Yes. Absolutely. There's no question, and that's one of the reasons that we separated out our CapEx spending because we need to do more to relieve that congestion, and we have a focused group of leaders within the company who are getting that work done. We're also partnering with entities across the state. And one of the grants that we have received is $250 million in conjunction with the Confederated Tribes of Warm Springs to expand the line that we own between here and the reservation where we co-own hydro facilities for significant additional renewable development.
I mentioned on my prepared remarks, the North Plains Connector. But I think you'll see transmission projects that we will continue to do, continue to bring online as well as partner with others across the region. It's important that we are able to access renewables that in many parts of the country are being curtailed because there is not enough transmission to bring those two customer usages. So in many instances, there's no incremental generation costs associated with the construction and building out of that transmission network.
Our next question comes from the line of Nicholas Campanella from Barclays.
So I just want to ask on the rate case, you said -- you settled the -- you're going to settle the AUT. Just what's the ability to kind of settle cap structure, ROE and other components at this point? Are you kind of willing to kind of take that to a fully-litigated route? And then just thinking forward as we go forward in the state, do you see settlements is still something that you can continue to get done in next rate cases? Or just how should we kind of think about that? Because in my time covering the company, it's one of the few times that you haven't settled.

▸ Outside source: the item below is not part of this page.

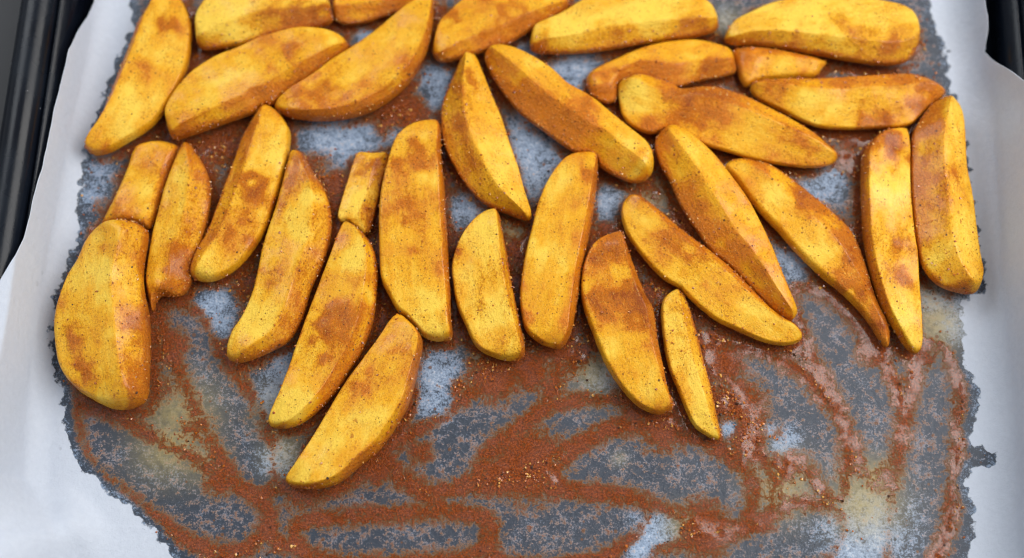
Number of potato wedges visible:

Nick, this is Joe. So as it relates to the case. We continue to have open dialogue and the settlement window is open, but in reality, we haven't been far apart, but we haven't been able to settle. So at this point, we're comfortable writing either a settlement or working this through to litigation. We have built as we have gone through this a well-structured case of the evidence in that. So we continue to be hopeful that we'll find a way here to settle some of these items, but we also, at the same time, are prepared for and have planned for any other possibility of taking this case to the commission.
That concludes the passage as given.